Repeat the records below word for word and omit each image.

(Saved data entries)
#####
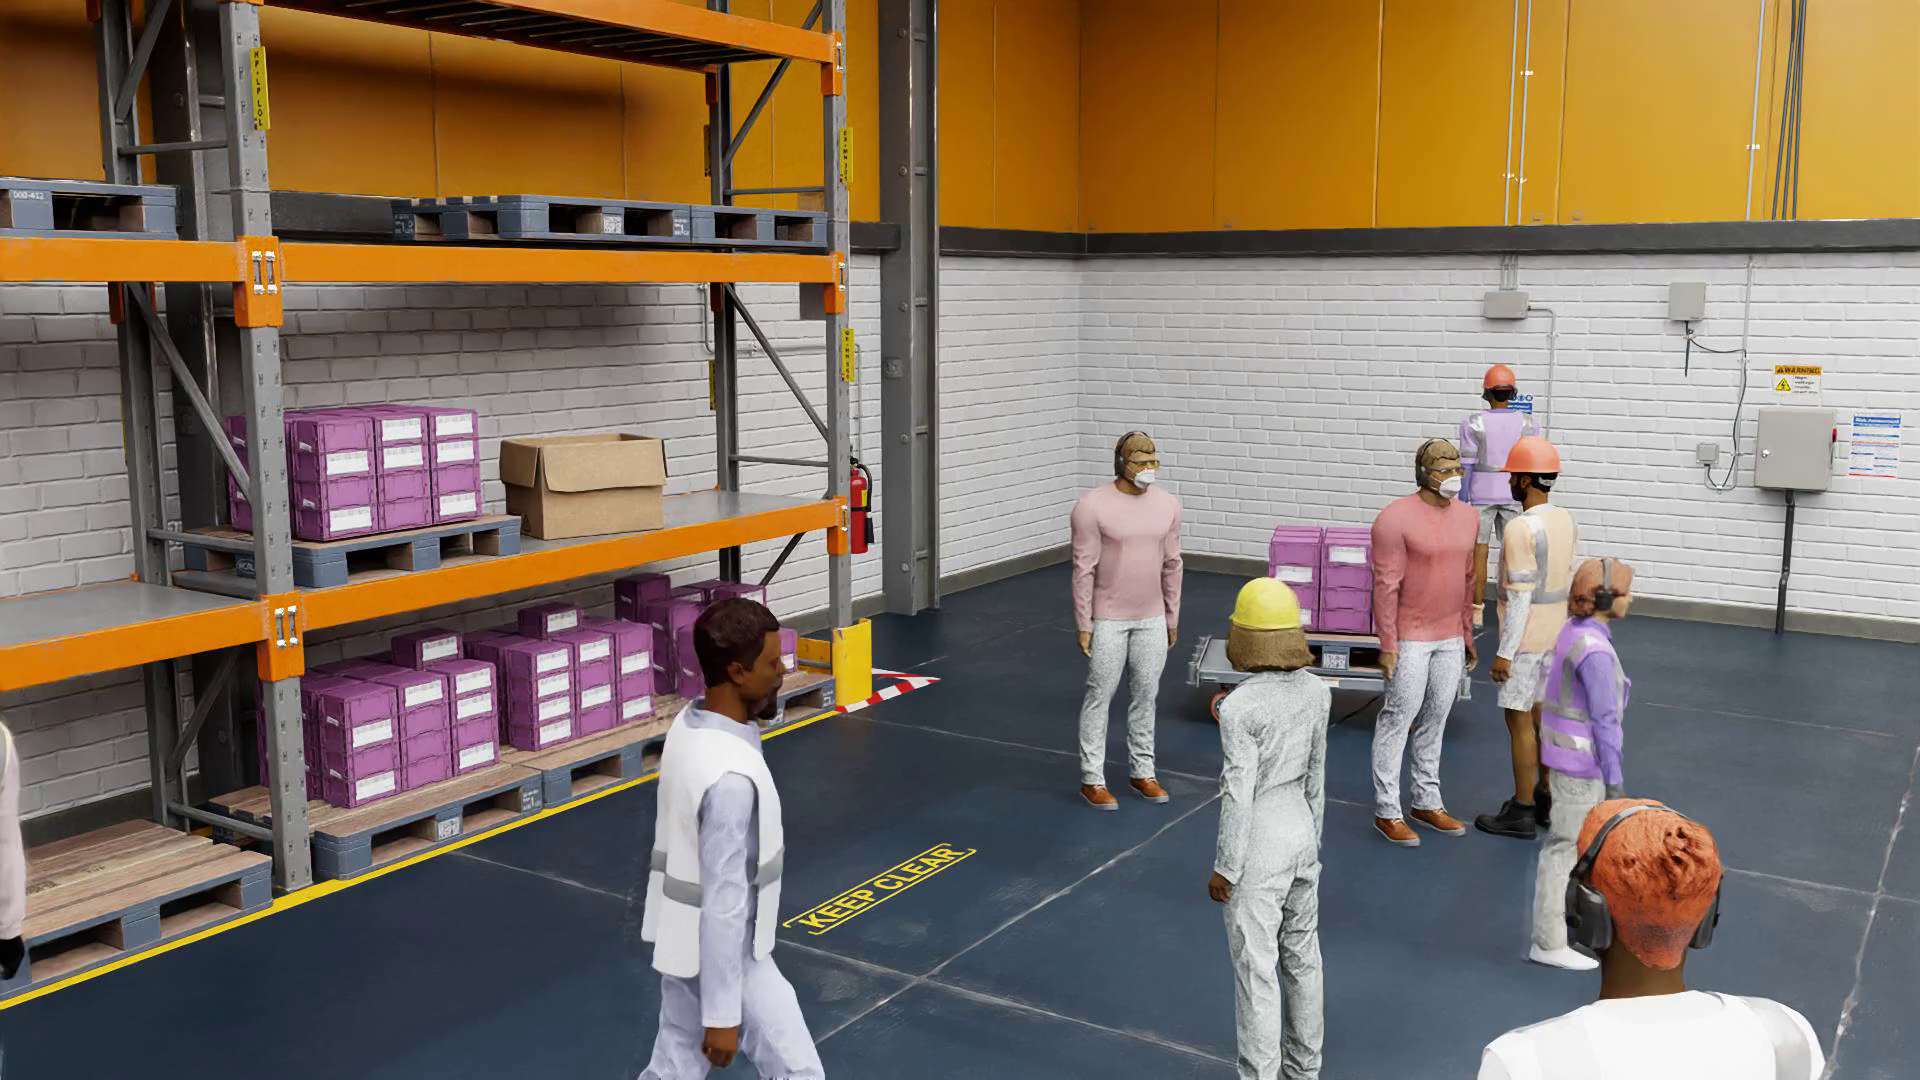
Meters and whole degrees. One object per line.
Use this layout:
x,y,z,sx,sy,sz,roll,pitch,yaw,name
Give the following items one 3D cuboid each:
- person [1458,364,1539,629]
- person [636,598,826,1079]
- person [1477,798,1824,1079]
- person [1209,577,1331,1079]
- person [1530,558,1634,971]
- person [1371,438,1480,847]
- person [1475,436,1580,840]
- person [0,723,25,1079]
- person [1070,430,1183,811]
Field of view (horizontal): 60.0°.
4.127,-0.329,12.834,0.607,2.048,0.366,0,9,1,person
-0.654,1.067,4.342,0.978,1.877,0.608,-3,9,-20,person
1.033,1.326,2.607,0.585,1.882,0.340,-2,9,-15,person
0.966,0.982,5.300,0.492,1.742,0.317,-8,12,-41,person
2.464,0.872,6.372,0.523,1.618,0.546,2,9,14,person
2.228,0.477,7.945,0.627,1.941,0.373,-5,10,-28,person
2.722,0.466,8.020,0.553,1.935,0.362,-9,12,-44,person
-2.755,1.087,4.351,0.430,1.832,0.636,3,9,16,person
0.853,0.403,8.471,0.630,1.932,0.361,-4,9,-23,person
#####
TASK ANSWER —
Meters and whole degrees. One object per line.
Use this layout:
x,y,z,sx,sy,sz,roll,pitch,yaw,name
Give the following items one 3D cuboid each:
- person [1458,364,1539,629]
- person [636,598,826,1079]
- person [1477,798,1824,1079]
- person [1209,577,1331,1079]
- person [1530,558,1634,971]
- person [1371,438,1480,847]
- person [1475,436,1580,840]
- person [0,723,25,1079]
- person [1070,430,1183,811]
Field of view (horizontal): 60.0°.
4.127,-0.329,12.834,0.607,2.048,0.366,0,9,1,person
-0.654,1.067,4.342,0.978,1.877,0.608,-3,9,-20,person
1.033,1.326,2.607,0.585,1.882,0.340,-2,9,-15,person
0.966,0.982,5.300,0.492,1.742,0.317,-8,12,-41,person
2.464,0.872,6.372,0.523,1.618,0.546,2,9,14,person
2.228,0.477,7.945,0.627,1.941,0.373,-5,10,-28,person
2.722,0.466,8.020,0.553,1.935,0.362,-9,12,-44,person
-2.755,1.087,4.351,0.430,1.832,0.636,3,9,16,person
0.853,0.403,8.471,0.630,1.932,0.361,-4,9,-23,person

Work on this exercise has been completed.